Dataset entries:
#####
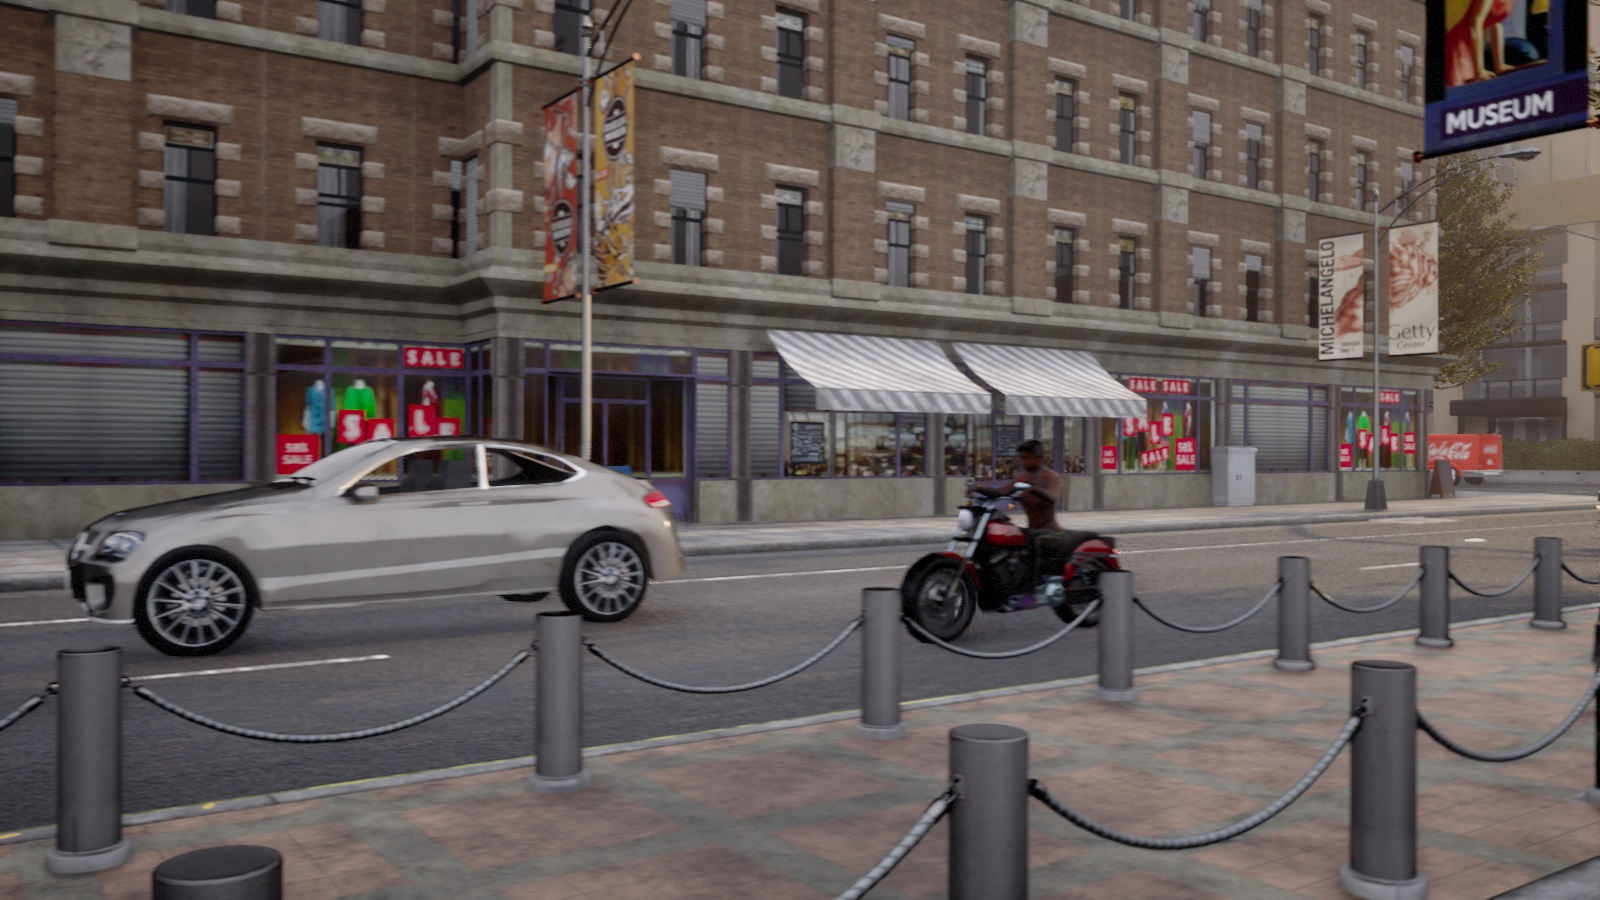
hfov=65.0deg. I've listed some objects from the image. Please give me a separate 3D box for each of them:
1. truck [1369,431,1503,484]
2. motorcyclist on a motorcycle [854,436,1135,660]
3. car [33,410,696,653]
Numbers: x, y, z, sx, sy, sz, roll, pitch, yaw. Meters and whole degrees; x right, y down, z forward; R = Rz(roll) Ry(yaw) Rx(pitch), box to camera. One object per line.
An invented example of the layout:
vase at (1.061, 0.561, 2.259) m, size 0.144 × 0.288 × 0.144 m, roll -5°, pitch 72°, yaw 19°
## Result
truck at (30.978, 0.343, 61.292) m, size 2.627 × 2.467 × 5.204 m, roll 0°, pitch 0°, yaw -35°
motorcyclist on a motorcycle at (1.616, 0.717, 10.202) m, size 2.350 × 1.649 × 0.766 m, roll 0°, pitch 0°, yaw -34°
car at (-3.630, 0.558, 10.871) m, size 5.027 × 1.651 × 2.152 m, roll 0°, pitch 0°, yaw -35°
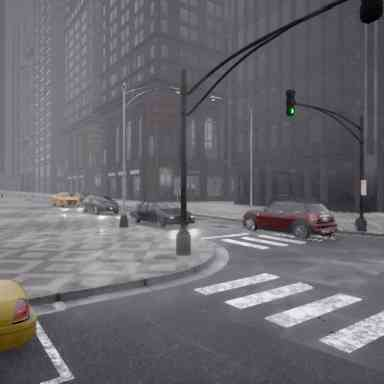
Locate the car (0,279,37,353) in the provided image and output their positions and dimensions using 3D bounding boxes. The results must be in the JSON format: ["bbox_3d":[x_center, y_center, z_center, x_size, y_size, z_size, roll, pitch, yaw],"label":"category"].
[{"bbox_3d":[-4.357,1.525,3.536,4.829,1.417,1.752,0,0,-36],"label":"car"}]

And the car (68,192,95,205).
[{"bbox_3d":[-14.165,0.745,42.471,1.837,1.490,4.892,0,1,-36],"label":"car"}]

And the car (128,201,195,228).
[{"bbox_3d":[-2.006,1.237,20.199,2.033,1.411,5.357,0,1,-36],"label":"car"}]

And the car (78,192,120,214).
[{"bbox_3d":[-7.775,1.012,28.182,1.837,1.490,4.892,0,1,-36],"label":"car"}]

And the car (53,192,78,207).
[{"bbox_3d":[-13.873,0.800,36.627,1.882,1.535,5.008,0,1,-35],"label":"car"}]

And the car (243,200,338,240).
[{"bbox_3d":[4.655,1.176,16.450,2.097,1.767,4.553,0,1,-36],"label":"car"}]
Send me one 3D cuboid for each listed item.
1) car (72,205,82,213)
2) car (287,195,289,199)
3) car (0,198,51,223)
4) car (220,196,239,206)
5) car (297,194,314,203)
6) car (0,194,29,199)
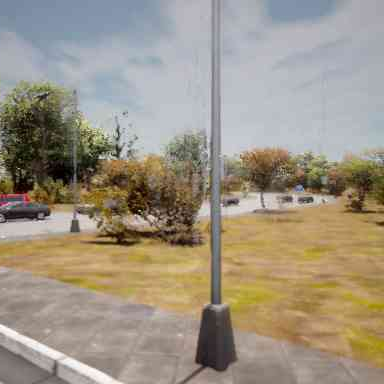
[{"bbox_3d":[-10.153,1.592,35.245,1.895,1.301,4.718,0,0,39],"label":"car"},{"bbox_3d":[16.009,1.015,57.655,1.882,1.535,5.008,0,1,31],"label":"car"},{"bbox_3d":[-13.405,1.502,25.586,1.837,1.490,4.892,0,0,38],"label":"car"},{"bbox_3d":[5.110,1.298,48.647,2.128,1.511,4.902,0,1,39],"label":"car"},{"bbox_3d":[18.972,1.087,55.707,2.033,1.411,5.357,0,1,32],"label":"car"},{"bbox_3d":[-16.241,1.218,27.667,2.150,2.045,5.566,0,0,39],"label":"car"}]
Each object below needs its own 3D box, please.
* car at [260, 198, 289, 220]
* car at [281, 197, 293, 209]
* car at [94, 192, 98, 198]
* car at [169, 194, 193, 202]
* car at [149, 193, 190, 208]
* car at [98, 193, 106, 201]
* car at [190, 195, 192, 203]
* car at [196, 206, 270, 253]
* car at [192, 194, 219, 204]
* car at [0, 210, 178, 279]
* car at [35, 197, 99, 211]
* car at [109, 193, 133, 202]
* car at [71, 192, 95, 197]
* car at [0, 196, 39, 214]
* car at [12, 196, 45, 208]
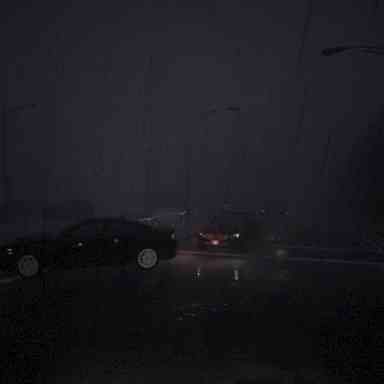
#####
# Try it:
What is needed is an exact copy of the lines from the line with "193, 133, 202]" to the end of the data above, both included, without any pictures.

# Written response:
* car at [109, 193, 133, 202]
* car at [71, 192, 95, 197]
* car at [0, 196, 39, 214]
* car at [12, 196, 45, 208]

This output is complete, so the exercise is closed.